What you will do: With pictures left out, set down exactly the lines from the line containing "Task: Click on" through the last line of the data.

Data items:
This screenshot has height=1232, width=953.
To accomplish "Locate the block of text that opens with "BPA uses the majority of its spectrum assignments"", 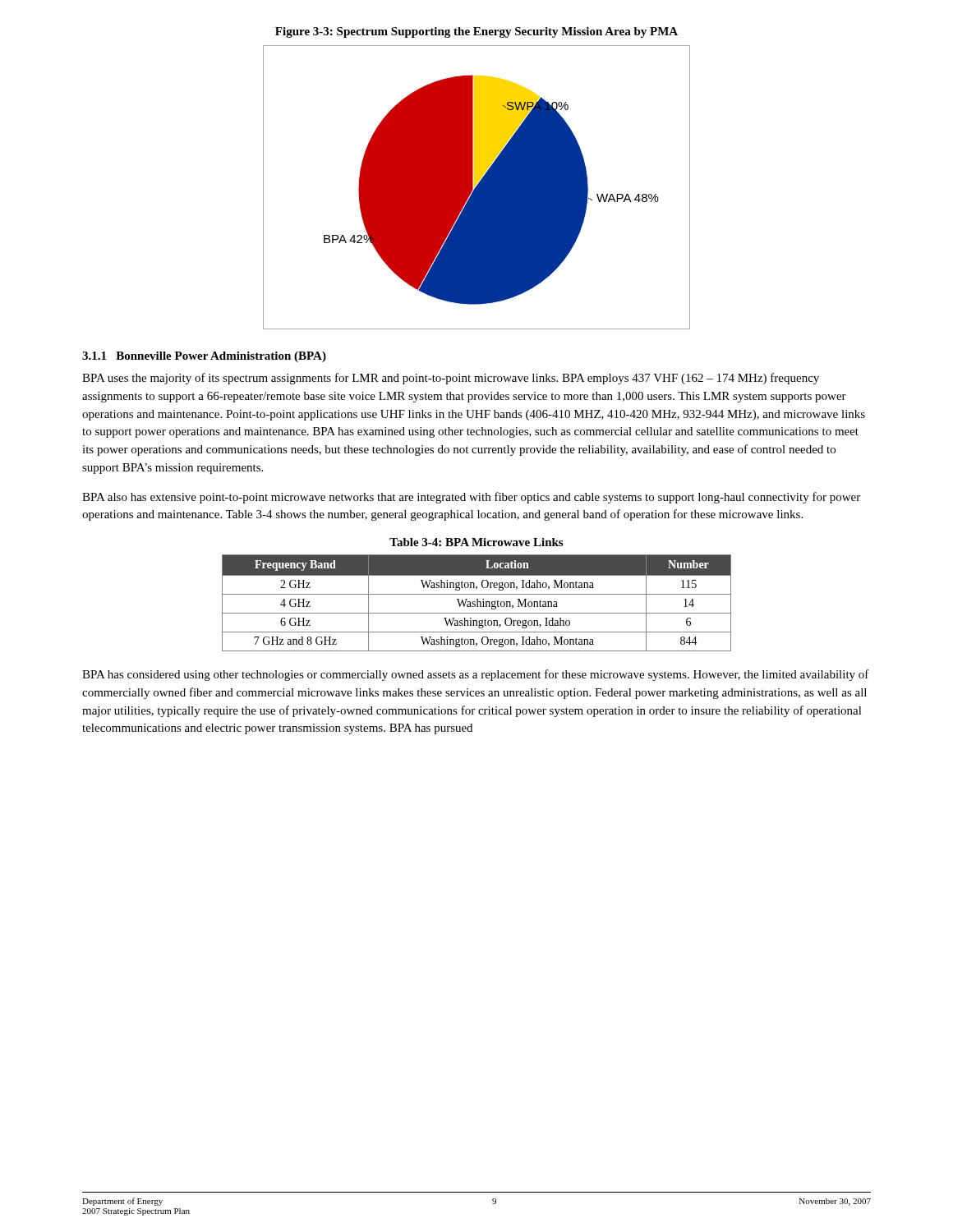I will [x=474, y=422].
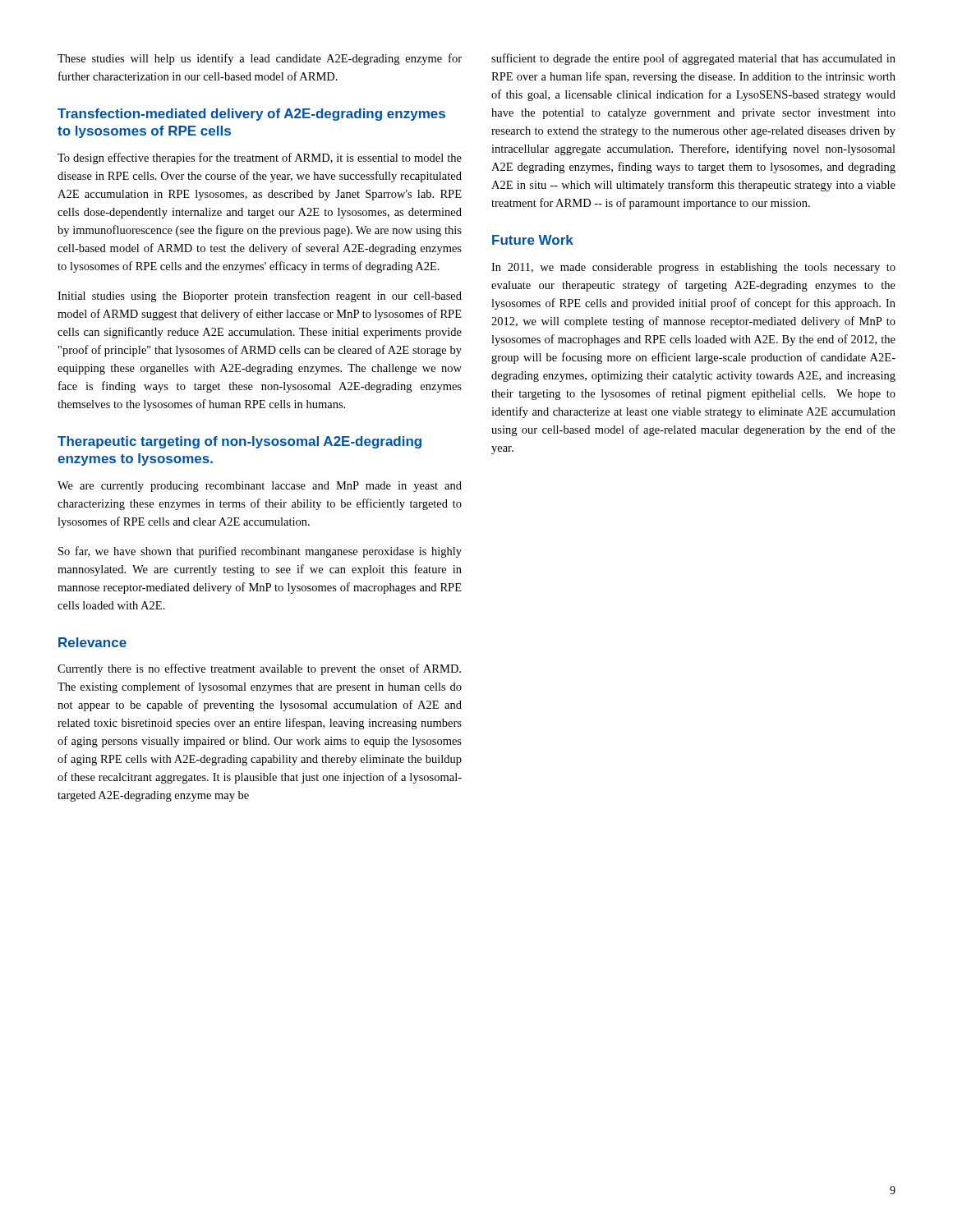Screen dimensions: 1232x953
Task: Point to the block beginning "To design effective therapies for the treatment of"
Action: click(x=260, y=212)
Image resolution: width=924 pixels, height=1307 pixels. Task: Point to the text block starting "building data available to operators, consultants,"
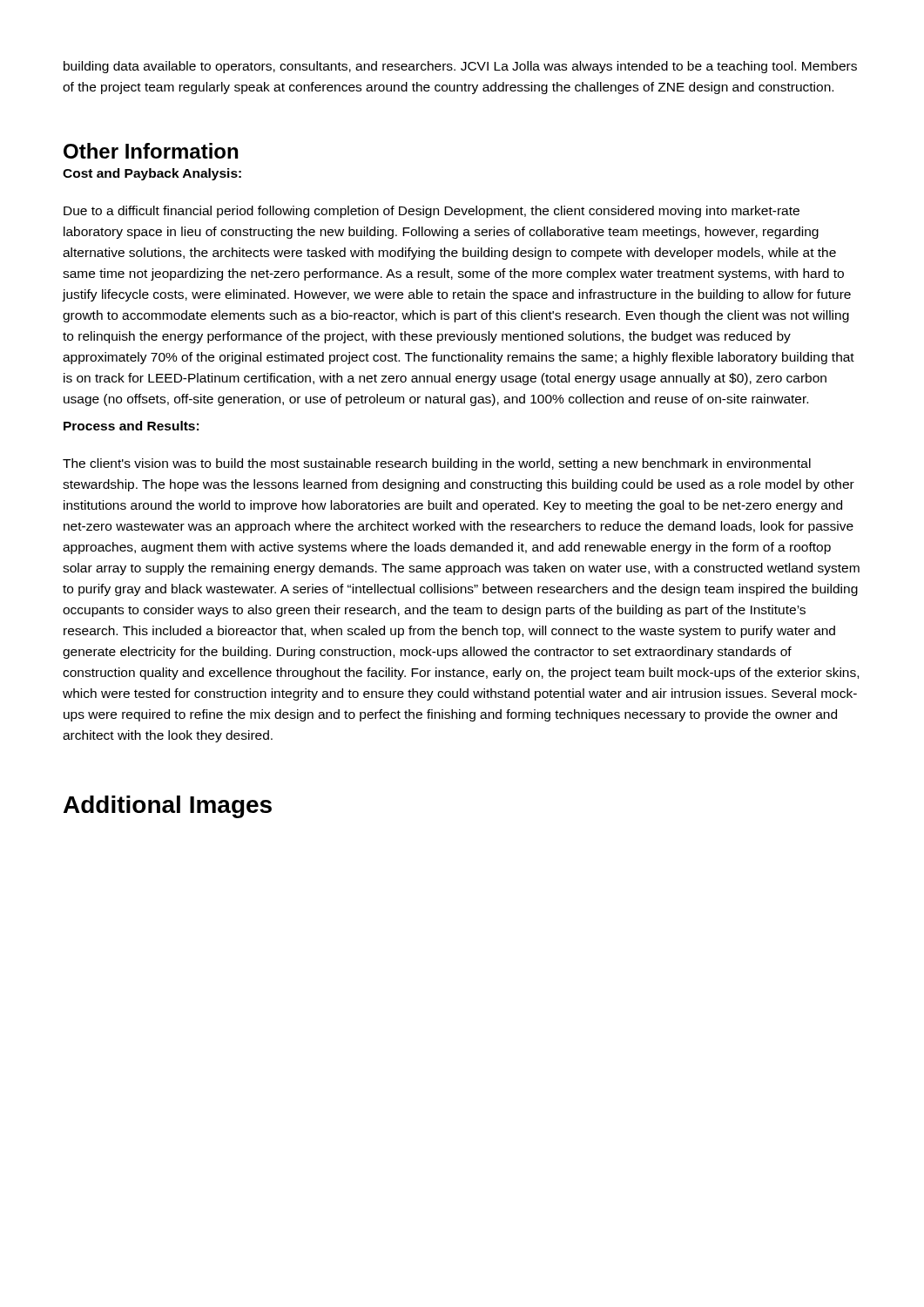point(462,76)
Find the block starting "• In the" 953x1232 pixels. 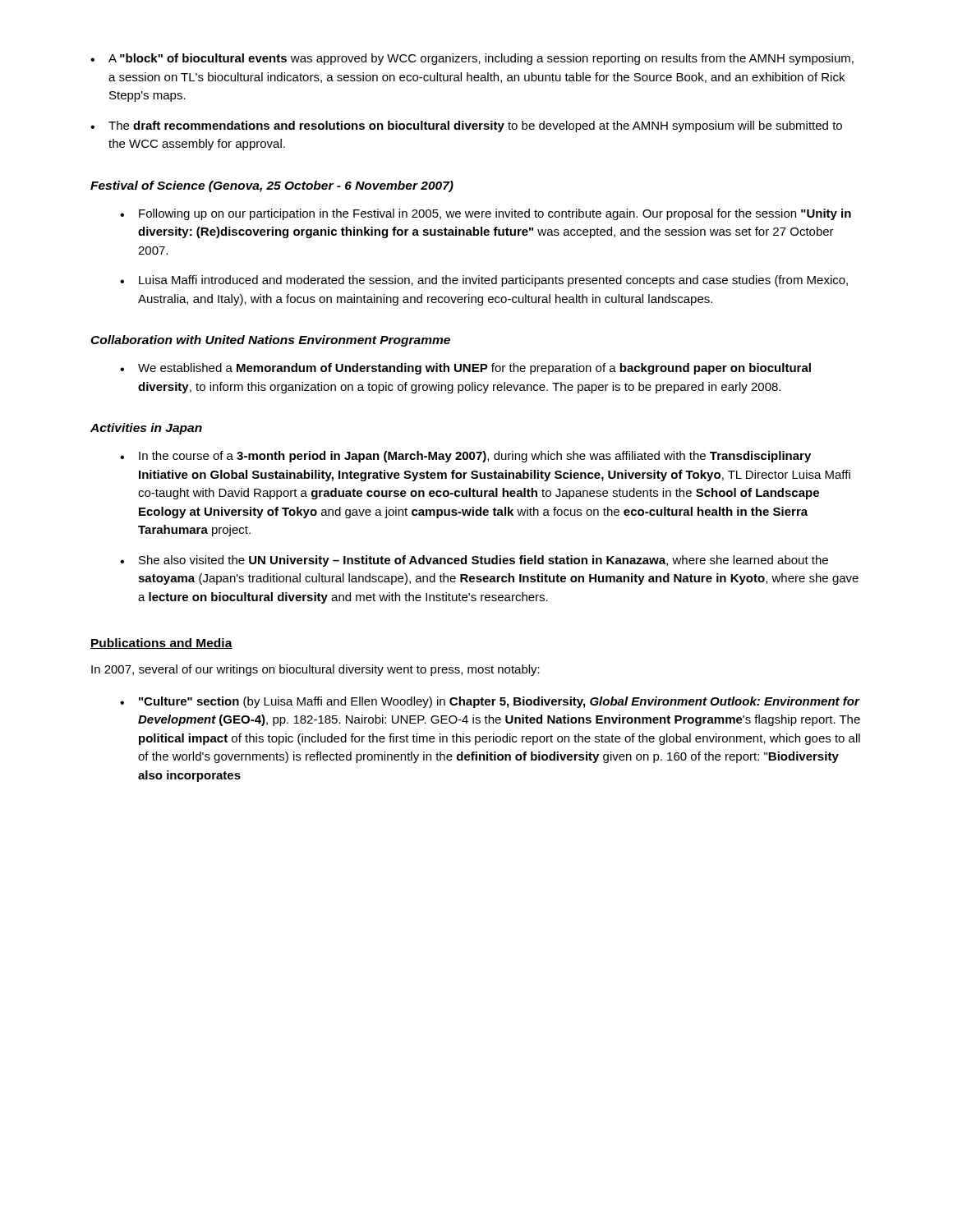pos(491,493)

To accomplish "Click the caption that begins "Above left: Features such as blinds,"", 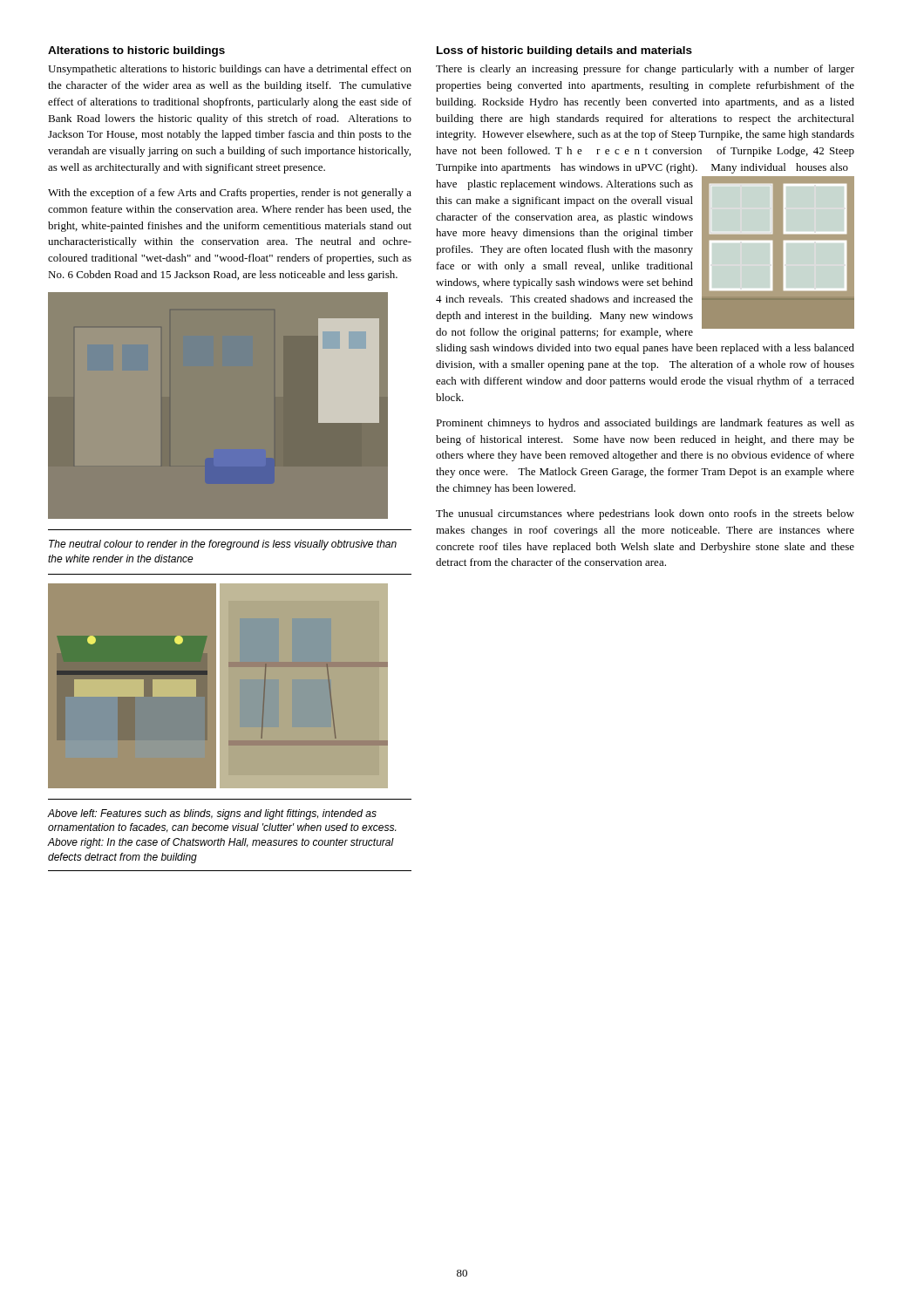I will [230, 836].
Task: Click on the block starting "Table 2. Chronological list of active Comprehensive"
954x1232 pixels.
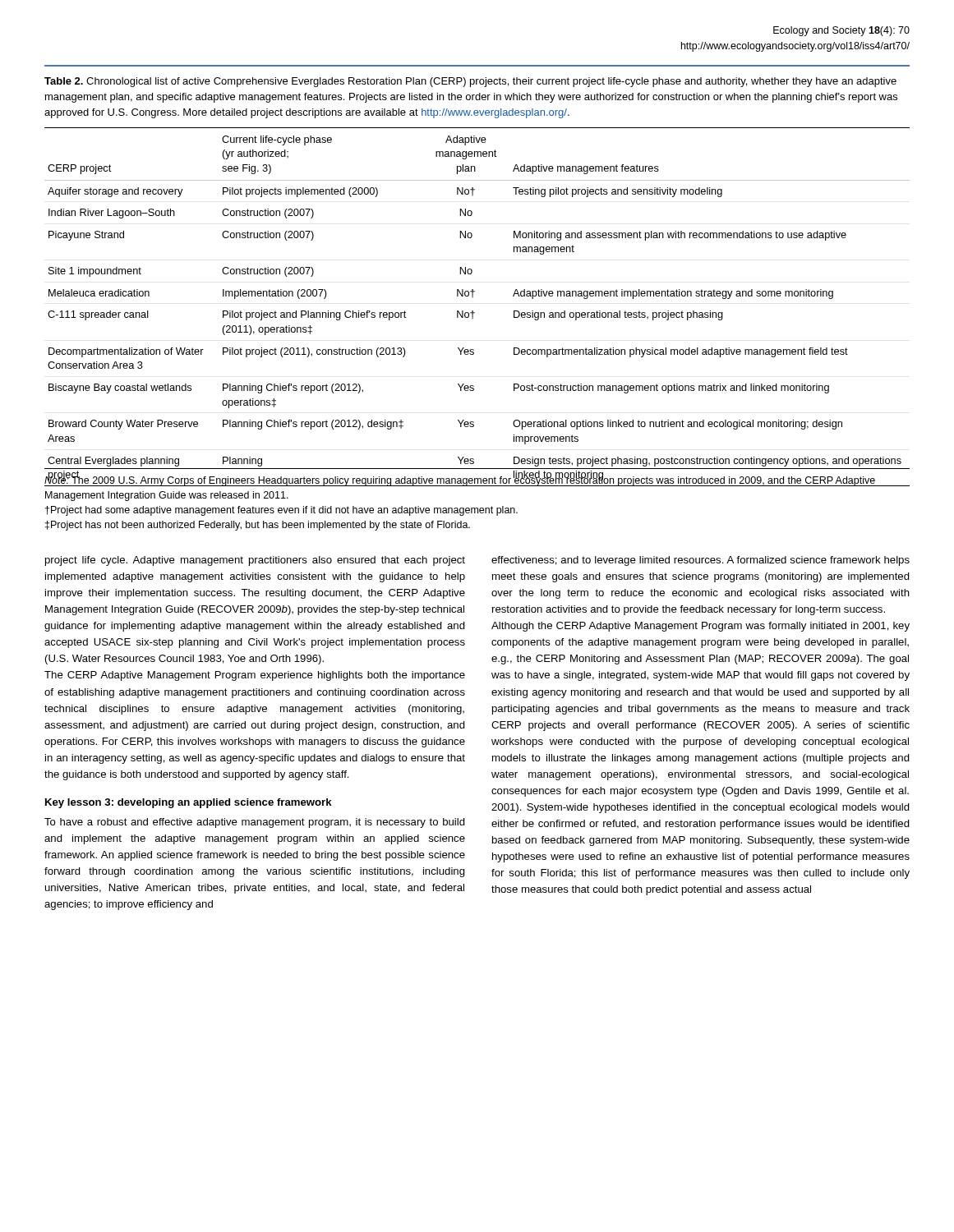Action: (471, 96)

Your solution:
Task: Click on the block starting "Table 2. Chronological list of active Comprehensive"
954x1232 pixels.
Action: (471, 96)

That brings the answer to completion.